A visão de Heidegger da realidade é alucinada. Por exemplo, ele pega na
filosofia aristotélica, transporta-a “tal e qual” para a atualidade, e depois
deturpa-a profundamente — tal como deturpou Santo Agostinho e o
seu conceito de “cuidado” (“curare”, in Confissões).
Outro indício do gnosticismo de Heidegger — ou seja, uma sobreposição do
arquétipo mental e cultural do gnosticismo da antiguidade tardia transportada
para a modernidade — é a sua ideia da guerra permanente entre aquilo a que ele
chama o Dasein (o “ser-aí”, ou o ser humano na existência), contra a “physis” (a natureza). Uma das características marcantes do gnosticismo antigo
era a ideia segundo a qual a natureza em geral — mas a natureza humana, também
— é uma realidade negativa e má que deve ser combatida pelos “eleitos”
pneumáticos, para assim obterem a “salvação”. A “salvação”, segundo Heidegger,
não é espiritual e transcendental no sentido dos gnósticos antigos, mas é uma
salvação histórica. O padrão gnóstico mantém-se idêntico.
O conceito de “Se”, de Heidegger (“Ser e o Tempo”), é uma anedota, porque pretende
convencer a plêiade dos tontos, na linha do super-homem de Nietzsche, de que os
pneumáticos modernos existem de fato, e que estes têm uma existência à parte do
comum dos mortais. O que é o conceito de “Se”? — pergunta o caro leitor; e
pergunta bem! (“Se” a
minha trisavó tivesse rodas era um Boeing 747).
Heidegger inverte a realidade - como bom gnóstico moderno, e porque os
gnósticos antigos não fizeram mais nada senão inverter a realidade — e diz que
a temporalidade originária do ser humano (Dasein) é o futuro (a origem do tempo
humano é o futuro), e não o seu presente ou o seu passado. Ou seja, segundo
Heidegger, o Homem vive no futuro que é a sua morte (Sein zum Tode). E porque o Homem vive no futuro que é a sua morte, segundo Heidegger,
o ser humano sente a “angústia” da sua morte futura (o tal “Se”) e por isso transforma-se em uma espécie de “dejeto” (“Verfallen”, dejeção) — ou seja, transforma-se num merda, num ‘hílico’ moderno, ou num ser humano inferior, ou em um Untermensch.
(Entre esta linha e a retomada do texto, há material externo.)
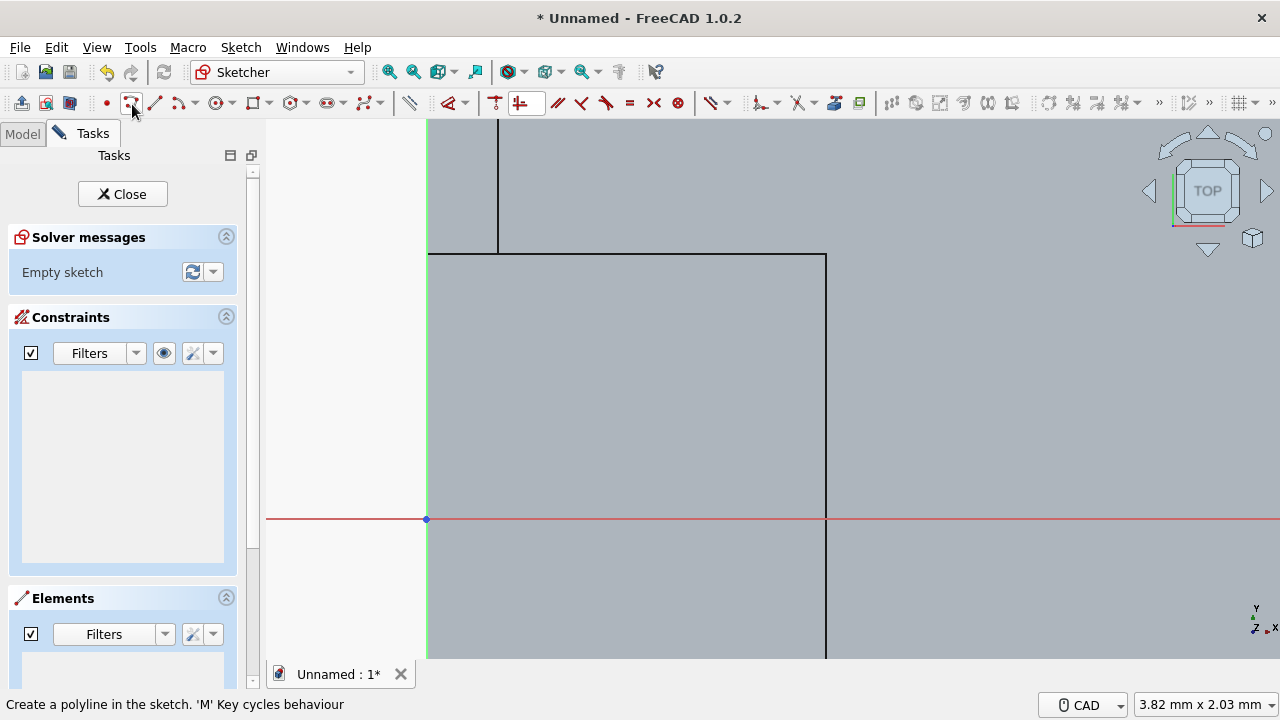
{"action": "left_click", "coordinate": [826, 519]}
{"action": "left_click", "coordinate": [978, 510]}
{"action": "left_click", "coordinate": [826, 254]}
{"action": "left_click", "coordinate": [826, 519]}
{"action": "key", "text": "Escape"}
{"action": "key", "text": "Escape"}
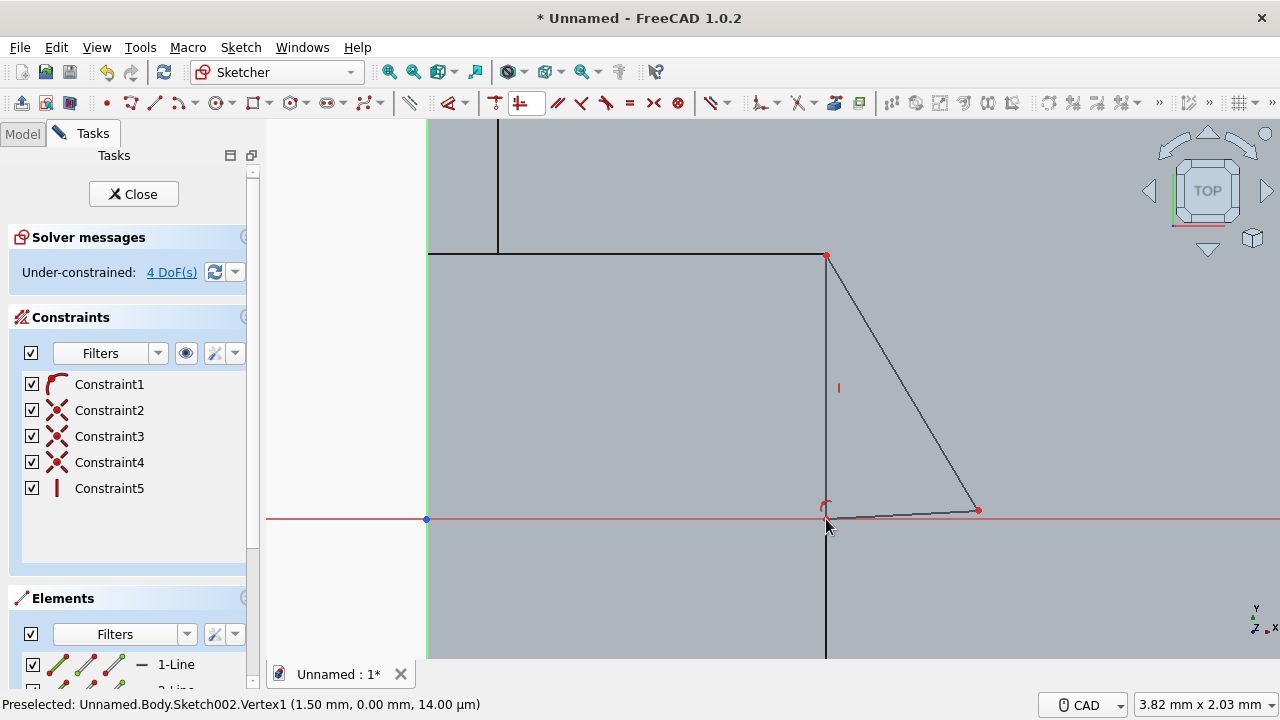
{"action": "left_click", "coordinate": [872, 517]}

Naturalmente que os tontos, que dizem compreender Heidegger, pensam que
não fazem parte desse grupo imenso e majioritário dos novos ‘hílicos’ (dos
“dejetos humanos”), mas antes pertencem ao grupo de Heidegger e dos novos
‘pneumáticos’ que não se deixa regular pela “tagarelice”, pela “publicidade” e
pelo “tempo cronométrico dos relógios” (os “eleitos”). Heidegger criou um novo
tipo de super-homem de Nietzsche.
E os tontos lêem, acreditam, estudam,
e veneram Heidegger. Impressionante!
E mesmo depois de Heidegger, a seguir à II Guerra Mundial, ter afirmado
que tudo o que escreveu antes da guerra afinal não valia grande coisa (“Die Kehre”, "A Viragem"), e passou a escrever
outro tipo de romances para os tontos, baseado na crítica à Técnica (palavra de
código = “Ge-stell”) — mesmo assim, os tontos recusaram a irracionalidade e qualquer
indício de alucinação psicótica em Heidegger.